EXTRACTED INFORMATION →
■ ■ ■ ■ ■ ■ ■

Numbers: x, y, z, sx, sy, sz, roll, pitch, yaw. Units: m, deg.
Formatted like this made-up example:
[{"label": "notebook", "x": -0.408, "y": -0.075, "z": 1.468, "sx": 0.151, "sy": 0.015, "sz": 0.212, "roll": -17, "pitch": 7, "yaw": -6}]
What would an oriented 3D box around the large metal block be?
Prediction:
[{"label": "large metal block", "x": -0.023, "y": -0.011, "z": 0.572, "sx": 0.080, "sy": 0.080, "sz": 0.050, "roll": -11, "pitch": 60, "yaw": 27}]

■ ■ ■ ■ ■ ■ ■

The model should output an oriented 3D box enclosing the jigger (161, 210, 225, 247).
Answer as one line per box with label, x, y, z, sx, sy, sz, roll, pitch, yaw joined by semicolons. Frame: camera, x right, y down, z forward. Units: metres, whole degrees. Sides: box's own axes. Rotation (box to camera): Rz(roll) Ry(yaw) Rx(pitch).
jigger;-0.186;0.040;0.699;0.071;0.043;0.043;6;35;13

■ ■ ■ ■ ■ ■ ■

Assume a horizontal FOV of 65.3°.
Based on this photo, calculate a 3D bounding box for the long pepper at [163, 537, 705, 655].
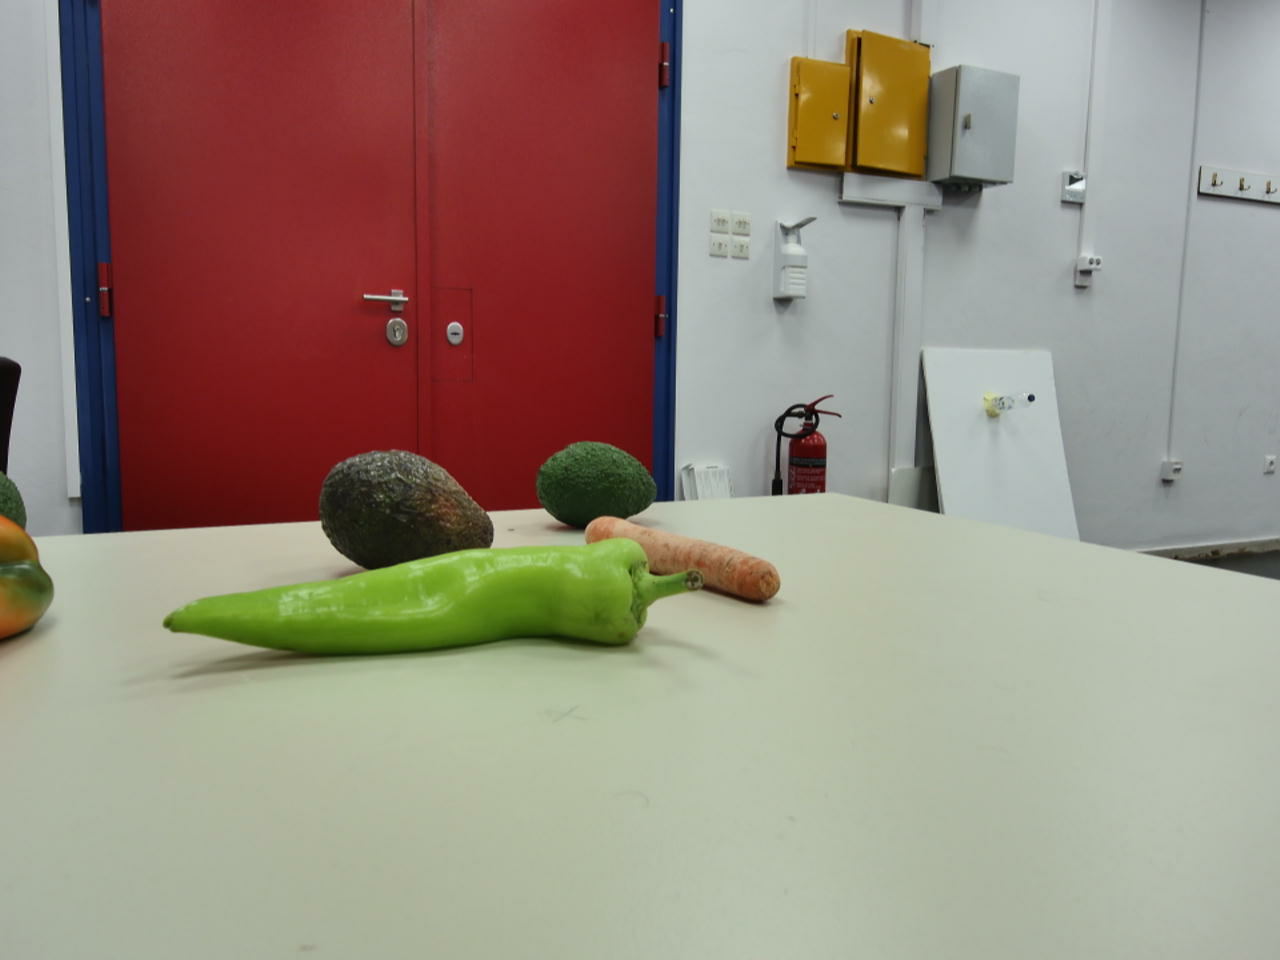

■ ■ ■ ■ ■ ■ ■

Exactly the lines above from the one with "Assume a horizontal FOV of 65.3°." to the one with "Based on this", both included, are to be quoted; leave the rest out.

Assume a horizontal FOV of 65.3°.
Based on this photo, calculate a 3D bounding box for the long pepper at [163, 537, 705, 655].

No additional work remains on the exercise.